Search code examples
pythonpandasexport-to-csv

Pandas.to_csv Causing Floats to Appear


I have created a program that takes in Excel sheets, modifies them with Pandas, and saves them to a CSV.

When I inspect the output CSV the columns are seen as ints, however when I upload to Oracle the columns become floats.

Some columns in the input excel are things such as "3" "4" "1" but other columns contain actual floats for monetary values. For this reason I can't cast onto the entire dataframe an as_type(int).

The excel sheets number in the hundreds, and have differing column names each month. So a columnwise application of as_type(int) will not work.

Code sample:

import pandas as pd
output_location = save_location + '.csv'

df_manipulation = pd.read_excel(filepath, index_col=None)
df_manipulation.to_excel(output_location, index = False)

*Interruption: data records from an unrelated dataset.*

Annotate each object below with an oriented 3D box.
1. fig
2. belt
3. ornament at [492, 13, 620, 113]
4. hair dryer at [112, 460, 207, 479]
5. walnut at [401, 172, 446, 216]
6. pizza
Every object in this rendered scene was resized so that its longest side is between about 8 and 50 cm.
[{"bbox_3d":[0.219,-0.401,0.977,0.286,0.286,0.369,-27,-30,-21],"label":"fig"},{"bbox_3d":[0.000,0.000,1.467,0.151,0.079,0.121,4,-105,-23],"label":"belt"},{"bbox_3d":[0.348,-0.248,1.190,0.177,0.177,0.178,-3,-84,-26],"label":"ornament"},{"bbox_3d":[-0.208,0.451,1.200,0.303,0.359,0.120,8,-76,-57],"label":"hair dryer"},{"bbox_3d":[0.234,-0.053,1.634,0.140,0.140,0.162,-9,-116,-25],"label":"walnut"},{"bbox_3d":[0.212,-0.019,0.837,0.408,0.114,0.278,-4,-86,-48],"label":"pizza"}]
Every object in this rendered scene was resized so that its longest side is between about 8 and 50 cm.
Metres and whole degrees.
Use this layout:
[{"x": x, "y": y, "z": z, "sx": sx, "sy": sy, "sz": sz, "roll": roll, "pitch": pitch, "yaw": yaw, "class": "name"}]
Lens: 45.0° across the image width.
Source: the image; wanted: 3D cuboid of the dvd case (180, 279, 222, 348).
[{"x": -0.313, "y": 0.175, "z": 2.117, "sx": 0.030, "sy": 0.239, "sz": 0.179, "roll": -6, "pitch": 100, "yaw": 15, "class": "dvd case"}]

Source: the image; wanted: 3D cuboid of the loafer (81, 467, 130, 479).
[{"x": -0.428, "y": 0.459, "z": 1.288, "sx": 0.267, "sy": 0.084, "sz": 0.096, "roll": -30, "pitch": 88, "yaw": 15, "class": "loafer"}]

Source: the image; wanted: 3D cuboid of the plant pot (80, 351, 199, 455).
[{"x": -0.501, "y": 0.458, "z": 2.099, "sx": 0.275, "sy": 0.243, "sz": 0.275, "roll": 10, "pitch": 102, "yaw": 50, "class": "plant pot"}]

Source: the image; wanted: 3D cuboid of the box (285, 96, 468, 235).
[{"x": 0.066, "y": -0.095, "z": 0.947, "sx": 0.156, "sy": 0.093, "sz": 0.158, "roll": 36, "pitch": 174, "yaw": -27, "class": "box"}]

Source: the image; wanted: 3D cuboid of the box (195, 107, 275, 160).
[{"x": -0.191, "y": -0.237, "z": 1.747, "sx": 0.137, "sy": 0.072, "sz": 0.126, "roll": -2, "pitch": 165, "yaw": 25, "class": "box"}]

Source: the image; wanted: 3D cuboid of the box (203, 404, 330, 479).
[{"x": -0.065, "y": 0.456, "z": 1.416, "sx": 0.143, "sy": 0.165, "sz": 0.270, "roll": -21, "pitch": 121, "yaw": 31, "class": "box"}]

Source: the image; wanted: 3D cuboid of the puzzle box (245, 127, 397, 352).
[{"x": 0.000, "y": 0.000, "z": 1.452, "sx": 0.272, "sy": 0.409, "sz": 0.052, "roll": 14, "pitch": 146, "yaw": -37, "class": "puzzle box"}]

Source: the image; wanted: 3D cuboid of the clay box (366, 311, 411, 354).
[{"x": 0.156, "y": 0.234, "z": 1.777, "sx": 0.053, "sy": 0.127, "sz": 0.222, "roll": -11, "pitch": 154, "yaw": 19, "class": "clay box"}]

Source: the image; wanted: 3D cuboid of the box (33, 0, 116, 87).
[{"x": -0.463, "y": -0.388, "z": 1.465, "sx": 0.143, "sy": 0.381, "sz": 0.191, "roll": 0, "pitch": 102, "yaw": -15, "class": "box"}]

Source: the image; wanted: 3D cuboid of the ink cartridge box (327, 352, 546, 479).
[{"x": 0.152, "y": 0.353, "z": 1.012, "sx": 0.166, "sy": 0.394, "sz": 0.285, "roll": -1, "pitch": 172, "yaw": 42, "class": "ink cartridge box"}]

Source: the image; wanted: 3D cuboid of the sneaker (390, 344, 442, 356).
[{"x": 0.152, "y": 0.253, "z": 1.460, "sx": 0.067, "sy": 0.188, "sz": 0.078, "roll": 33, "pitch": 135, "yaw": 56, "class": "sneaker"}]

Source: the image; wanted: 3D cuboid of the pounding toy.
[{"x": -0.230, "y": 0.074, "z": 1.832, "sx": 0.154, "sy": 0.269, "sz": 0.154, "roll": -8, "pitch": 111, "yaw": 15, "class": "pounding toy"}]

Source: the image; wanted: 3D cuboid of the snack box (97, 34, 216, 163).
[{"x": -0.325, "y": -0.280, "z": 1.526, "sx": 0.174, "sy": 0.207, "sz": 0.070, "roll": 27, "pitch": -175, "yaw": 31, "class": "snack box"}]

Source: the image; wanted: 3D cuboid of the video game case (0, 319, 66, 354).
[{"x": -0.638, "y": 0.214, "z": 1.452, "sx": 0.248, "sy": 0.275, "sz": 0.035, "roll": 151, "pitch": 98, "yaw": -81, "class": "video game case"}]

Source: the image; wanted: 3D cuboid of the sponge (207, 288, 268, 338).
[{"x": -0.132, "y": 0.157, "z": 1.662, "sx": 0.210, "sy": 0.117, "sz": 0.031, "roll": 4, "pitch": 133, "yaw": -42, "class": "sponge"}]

Any ideas on how to keep the columns in question as ints?


Solution

  • Reading the documentation for read_excel(), specifically for the convert_float parameter, it mentions that Excel stores all numbers as floats internally.

    If you want to convert the columns from float to int manually you can do:

    df_manipulation['column_name'] = df_manipulation['column_name'].astype('int')
    

    Alternatively, you can load the entire sheet with a specific datatype such as strings with:

    df_manipulation = pd.read_excel(filepath, index_col=None, dtype = str)